Social Media, Trust and Patricia Dunn
Show me a CEO who truly believes that mobs are smart and crowds are wise and I’ll show you a nine-toed wombat. As the continuing sordid saga at HP demonstrates, few executives make it to the top without acquiring unhealthy doses of paranoia and hubris along the way. All too often, this leads to a bunker mentality in which the only opinion that counts is your own and control becomes the total focus of management.
My own experience in HQ culture tells me that HP chairman Patricia Dunn’s imprudent, and probably, illegal efforts to identify and smother an adversary were simply at the extreme end of business as usual. The old Mort Sahl line: “Just because you’re paranoid doesn’t mean they’re not really trying to get you” is an all too common boardroom mantra.
And, as Steve Jobs discovered a few years back, even being a founder is no guarantee against a palace coup.
All of this is important because it explains the uphill battle that social media face in gaining acceptance in large enterprises. Public blogs, wikis and social networking sites all derive their power, and usefulness, from a high level of trust in individuals to be fair and honest and non-destructive. You have to trust that the Wikipedia (or any other wiki) entry you read is accurate without knowing much or anything about the person who created it. The usual indicators of trustworthiness–reputation, authority, areas of expertise, level of responsibility–are usually absent and have to be assumed.
The same thing is generally true of public blogs, although more and more ”experts” with real-world reputations have joined the public fray and there is a greater understanding that blogs are an outlet for opinion and few of them actually get read much anyway.

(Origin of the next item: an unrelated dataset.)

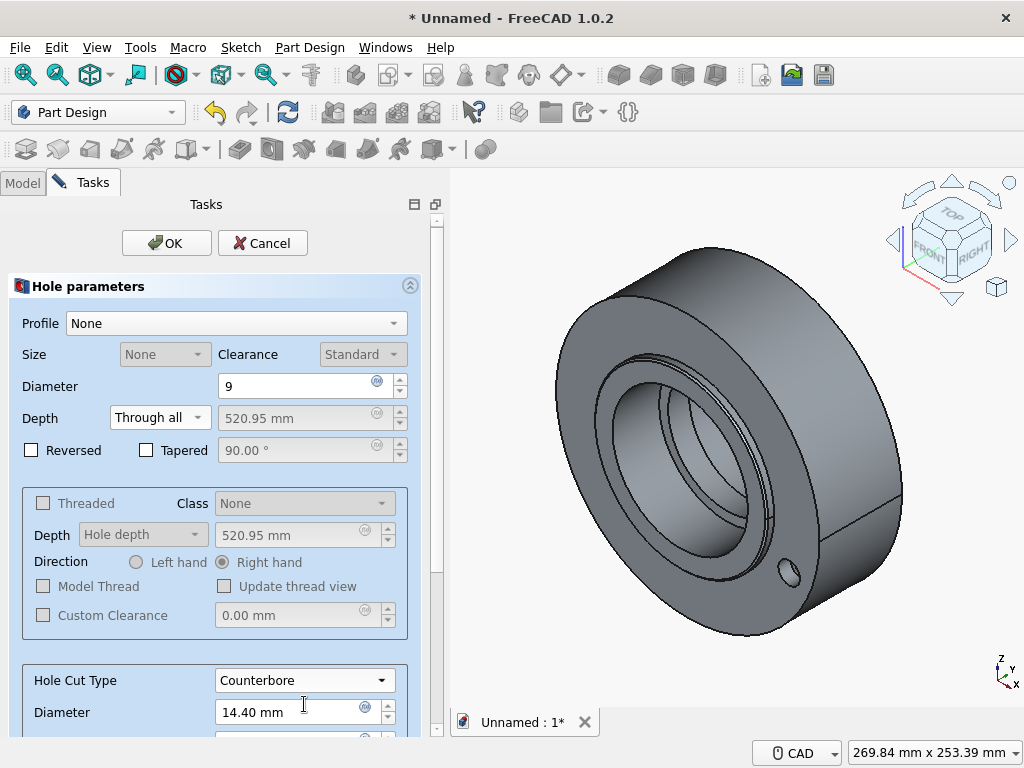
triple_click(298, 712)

To idealists like Jimmy Wales and old hippies like Howard Rheingold, social media are a manifestation of democracy in action, the modern face of “power to the people.” To CEOs and other control freaks, they are improvised explosive devices hidden along the road to organizational unity–especially when employees produce blogs that become popular in the outside world.

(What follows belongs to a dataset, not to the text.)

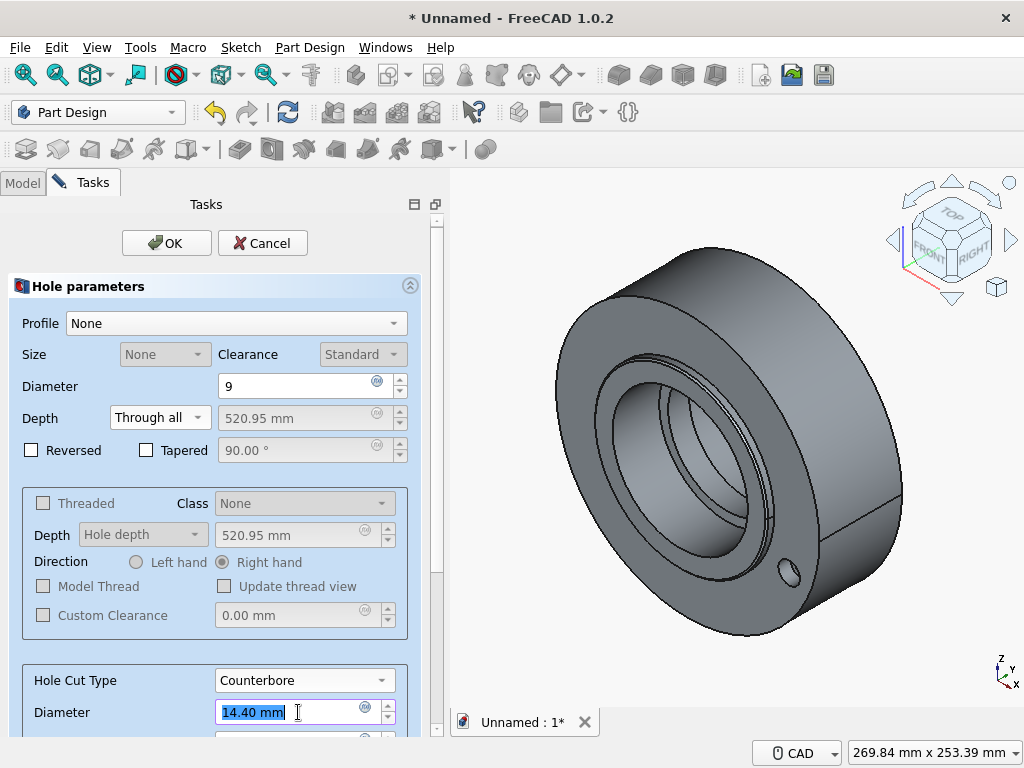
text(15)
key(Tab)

Most technology bloggers wrote about what a “loss” it was for Microsoft to lose Robert Scoble and his friendly, well-trafficked, maverick blog to PodTech. You could hear the sign of relief from Redmond in Los Angeles.
None of this is meant to imply that social media won’t find a home within enterprises. They will, but they will be limited to specific users and to specific projects. They will be much more tightly controlled and tied to official communications policies. The anybody-can-play-with-absolute-freedom-of-expression notion is just not going to happen behind the firewall.
And, Debbie Weil notwithstanding, most CEOs of large enterprises are never going to blog because they don’t need the publicity and it only provides ammunition for rival companies, regulators, irate customers, and the people down the hall who want their jobs.
Think of how much fun it would be to go back and read through Patricia Dunn’s blog right now, if she had kept one. All the stuff about integrity and the HP way. All the noises about ethics. It would be hysterical and cause even more embarassment for the company.
Still, we own Ms. Dunn a debt. She’s proven that women executives can be just as vicious as the boys.
Posted: September 21st, 2006 under Companies, Social Networking, Social Media, Enterprise Web 2.0, CEO Blogs, Social Computing, Hewlett-Packard.